Lady Claire came down the last few steps and stood at the bottom of the stairwell, as if awaiting his approval. She was dressed much as he, in worn dark clothes, sturdy fabrics and heavy boots.
But if he had thought the drabber dress his sister had left behind from her days of working the dub would have diminished and dulled Lady Claire’s beauty, he was wrong.
Even without silk and satin, she was exquisite. And even more so because the dull, rough fabric of the gown made the fineness of her beauty stand out more starkly.
She looked both the same, and entirely different—a younger, far less polished version of herself, from the days when she must have rambled over her father’s country estate, climbing trees and chasing after her brothers. She looked like a wild woodland nymph from some ancient story, earthy and natural, and, dare he say it, free.
Free to come with him.
Her long shining, golden hair was also freed from its coif, swirling loosely into a knot at her nape. The messy coil was an attractive nuisance—it was all he could do not to plunge his hands into the bright strands and disrupt the whole thing.
But his practical, organized mind reasserted itself. “You’ll want to wear shawl to cover your bright hair. And to remove your ear bobs—they’ll make a temping target, and I should hate to have your lobes ripped as a result.”
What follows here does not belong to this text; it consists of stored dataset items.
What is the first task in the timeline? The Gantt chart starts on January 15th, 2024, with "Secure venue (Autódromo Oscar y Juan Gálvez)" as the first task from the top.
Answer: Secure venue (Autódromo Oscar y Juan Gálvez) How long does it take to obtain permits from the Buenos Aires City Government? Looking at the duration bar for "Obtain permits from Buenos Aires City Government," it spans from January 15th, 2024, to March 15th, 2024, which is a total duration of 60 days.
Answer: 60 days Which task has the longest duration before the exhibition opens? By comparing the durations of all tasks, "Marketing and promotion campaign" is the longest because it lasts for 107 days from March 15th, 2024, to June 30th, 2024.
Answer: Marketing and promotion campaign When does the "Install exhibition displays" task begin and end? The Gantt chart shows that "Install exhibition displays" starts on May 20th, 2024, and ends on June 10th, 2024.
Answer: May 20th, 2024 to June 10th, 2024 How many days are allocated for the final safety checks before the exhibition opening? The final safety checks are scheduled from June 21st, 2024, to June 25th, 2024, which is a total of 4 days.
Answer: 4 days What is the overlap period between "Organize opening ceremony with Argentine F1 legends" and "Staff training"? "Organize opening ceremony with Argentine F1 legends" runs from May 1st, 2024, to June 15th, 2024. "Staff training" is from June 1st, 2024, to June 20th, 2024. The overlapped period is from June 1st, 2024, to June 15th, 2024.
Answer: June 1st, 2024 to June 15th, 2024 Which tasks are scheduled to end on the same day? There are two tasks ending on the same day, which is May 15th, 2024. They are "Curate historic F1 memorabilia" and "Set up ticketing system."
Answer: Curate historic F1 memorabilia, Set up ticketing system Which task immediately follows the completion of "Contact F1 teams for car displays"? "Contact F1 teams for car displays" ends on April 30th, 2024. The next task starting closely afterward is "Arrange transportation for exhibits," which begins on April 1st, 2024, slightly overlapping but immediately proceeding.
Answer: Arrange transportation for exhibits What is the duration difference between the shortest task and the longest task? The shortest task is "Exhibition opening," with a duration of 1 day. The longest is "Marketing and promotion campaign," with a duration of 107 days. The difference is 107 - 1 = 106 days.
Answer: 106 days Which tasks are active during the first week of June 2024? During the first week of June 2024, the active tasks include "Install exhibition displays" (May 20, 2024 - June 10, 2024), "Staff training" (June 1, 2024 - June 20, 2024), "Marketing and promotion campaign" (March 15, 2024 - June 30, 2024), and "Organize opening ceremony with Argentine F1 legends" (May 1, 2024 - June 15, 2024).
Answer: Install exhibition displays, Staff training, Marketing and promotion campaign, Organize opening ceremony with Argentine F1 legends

He meant to scare her. He meant for her to completely understand what she was getting herself into. Her costly ear bobs, jeweled with diamonds and pearls, were valuable enough to keep half of the Almonry’s residents in gin for a ten-year.
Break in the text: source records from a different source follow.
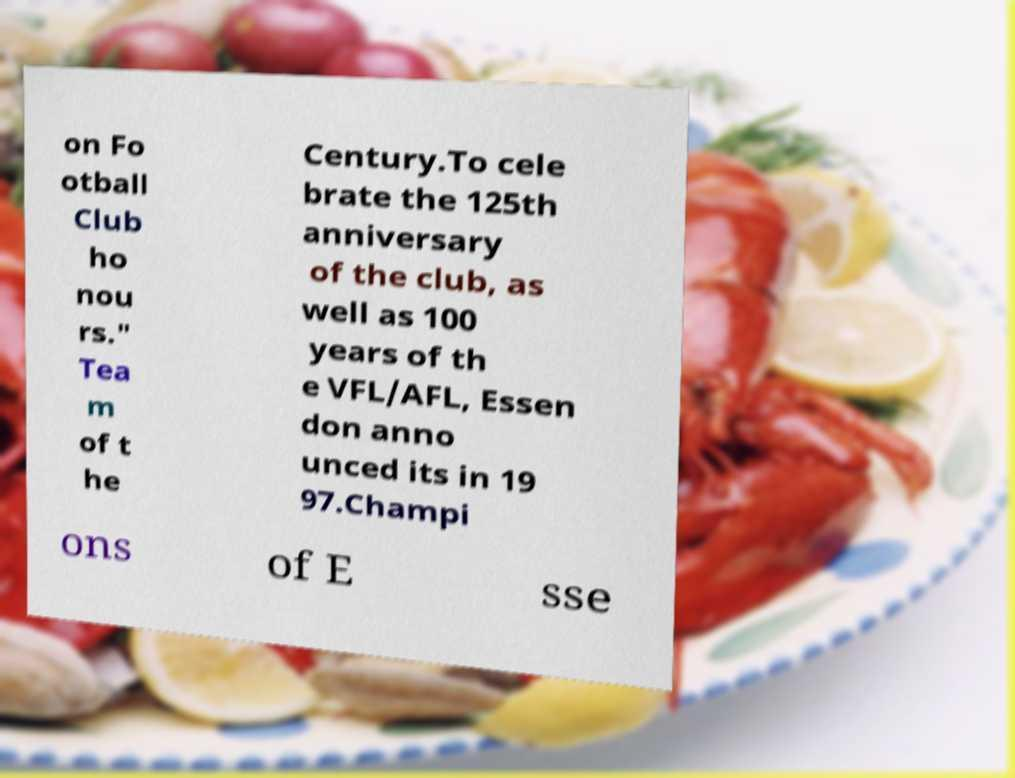Can you read and provide the text displayed in the image?This photo seems to have some interesting text. Can you extract and type it out for me? on Fo otball Club ho nou rs." Tea m of t he Century.To cele brate the 125th anniversary of the club, as well as 100 years of th e VFL/AFL, Essen don anno unced its in 19 97.Champi ons of E sse 
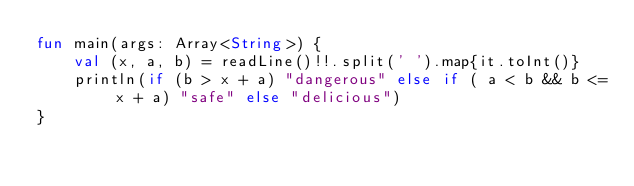<code> <loc_0><loc_0><loc_500><loc_500><_Kotlin_>fun main(args: Array<String>) {
    val (x, a, b) = readLine()!!.split(' ').map{it.toInt()}
    println(if (b > x + a) "dangerous" else if ( a < b && b <= x + a) "safe" else "delicious")
}</code> 
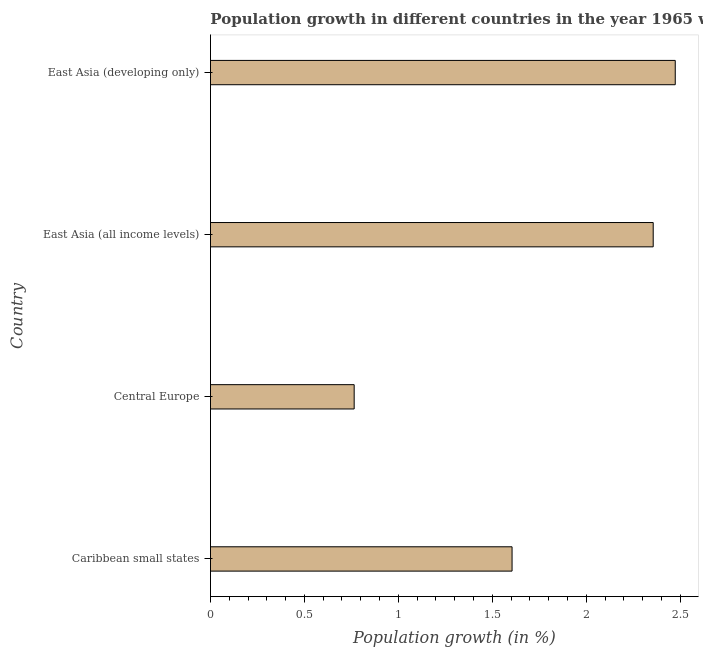Does the graph contain any zero values?
Your answer should be very brief. No. Does the graph contain grids?
Make the answer very short. No. What is the title of the graph?
Your answer should be very brief. Population growth in different countries in the year 1965 w.r.t it's previous year. What is the label or title of the X-axis?
Give a very brief answer. Population growth (in %). What is the population growth in East Asia (developing only)?
Ensure brevity in your answer.  2.47. Across all countries, what is the maximum population growth?
Your response must be concise. 2.47. Across all countries, what is the minimum population growth?
Give a very brief answer. 0.76. In which country was the population growth maximum?
Give a very brief answer. East Asia (developing only). In which country was the population growth minimum?
Keep it short and to the point. Central Europe. What is the sum of the population growth?
Give a very brief answer. 7.2. What is the difference between the population growth in Caribbean small states and East Asia (developing only)?
Your response must be concise. -0.87. What is the median population growth?
Ensure brevity in your answer.  1.98. What is the ratio of the population growth in Caribbean small states to that in Central Europe?
Give a very brief answer. 2.1. Is the difference between the population growth in Caribbean small states and East Asia (all income levels) greater than the difference between any two countries?
Your answer should be very brief. No. What is the difference between the highest and the second highest population growth?
Ensure brevity in your answer.  0.12. What is the difference between the highest and the lowest population growth?
Give a very brief answer. 1.71. How many bars are there?
Make the answer very short. 4. How many countries are there in the graph?
Give a very brief answer. 4. What is the difference between two consecutive major ticks on the X-axis?
Ensure brevity in your answer.  0.5. What is the Population growth (in %) of Caribbean small states?
Your answer should be compact. 1.61. What is the Population growth (in %) in Central Europe?
Make the answer very short. 0.76. What is the Population growth (in %) in East Asia (all income levels)?
Provide a short and direct response. 2.36. What is the Population growth (in %) in East Asia (developing only)?
Give a very brief answer. 2.47. What is the difference between the Population growth (in %) in Caribbean small states and Central Europe?
Offer a terse response. 0.84. What is the difference between the Population growth (in %) in Caribbean small states and East Asia (all income levels)?
Offer a very short reply. -0.75. What is the difference between the Population growth (in %) in Caribbean small states and East Asia (developing only)?
Your answer should be very brief. -0.87. What is the difference between the Population growth (in %) in Central Europe and East Asia (all income levels)?
Offer a very short reply. -1.59. What is the difference between the Population growth (in %) in Central Europe and East Asia (developing only)?
Provide a short and direct response. -1.71. What is the difference between the Population growth (in %) in East Asia (all income levels) and East Asia (developing only)?
Make the answer very short. -0.12. What is the ratio of the Population growth (in %) in Caribbean small states to that in Central Europe?
Provide a succinct answer. 2.1. What is the ratio of the Population growth (in %) in Caribbean small states to that in East Asia (all income levels)?
Make the answer very short. 0.68. What is the ratio of the Population growth (in %) in Caribbean small states to that in East Asia (developing only)?
Ensure brevity in your answer.  0.65. What is the ratio of the Population growth (in %) in Central Europe to that in East Asia (all income levels)?
Your answer should be compact. 0.33. What is the ratio of the Population growth (in %) in Central Europe to that in East Asia (developing only)?
Your answer should be very brief. 0.31. What is the ratio of the Population growth (in %) in East Asia (all income levels) to that in East Asia (developing only)?
Keep it short and to the point. 0.95.

“Oh, yes, I understand.” She quickly unpinned the jewels, and held them out to him in the palm of her hand.
“Did yo
u find the pockets sewn into petticoats?” The jewels would be safe enough in Megg’s deep pockets—his canny sister had hidden the entirely of their wealth there many a time.
“No. I kept my own chemise—” A swath of color swept across the lady’s cheeks. “No. Perhaps you might have a safe place for them here?”
“Yes. Of course.” Tanner had at least two caches hidden in the old walls, and he suspected that Jinks must have several more he could be made to divulge in a pinch.
“Thank you. And I have the note to my parents.”
As she handed him the ear bobs and the unsealed note, her fingers brushed against his palm, and Tanner was reminded again how soft her skin was. She had the hands of a lady—hands that had never done any kind of manual labor, or rough, uncomfortable work. Hands that would only find exercise in piano sonatas, or embroidery work. Fingers long and supple and fragile.
She was a fine china teacup, suitable for taking life in manageable sips. Entirely unsuited to the lesson he was giving her now.
But she wanted more, she had said. She wanted to be competent and capable and self determining in a new and different way.
“You’re welcome,” he said stupidly, because he no longer remembered what he was thanking her for.
And he stood there awkwardly for another long moment, because he couldn’t seem to stop himself from looking at her, and marveling that he appeared to be living through a waking dream. A dream wherein everything he had ever fantasized about Lady Claire Jellicoe was coming true—she was with him, away from society, and looking at him with a sort of hopeful cheerfulness that told him she really was as mad as he.
“Are you ready for the next lesson?”
“Yes, I’m— No. I can’t lie.” She looked at him, her wide blue eyes open and guileless. “I must admit, I’m afraid.” She caught her lip between her teeth. “And excited, perhaps? But definitely afraid. But it will be all right, won’t it? You do know what you’re doing, don’t you?”
“I do. Come with me, and I’ll show you. But, before we go, let us have a look at the clues the tenacious Miss Carter left us—the fob and the scrap of fabric.”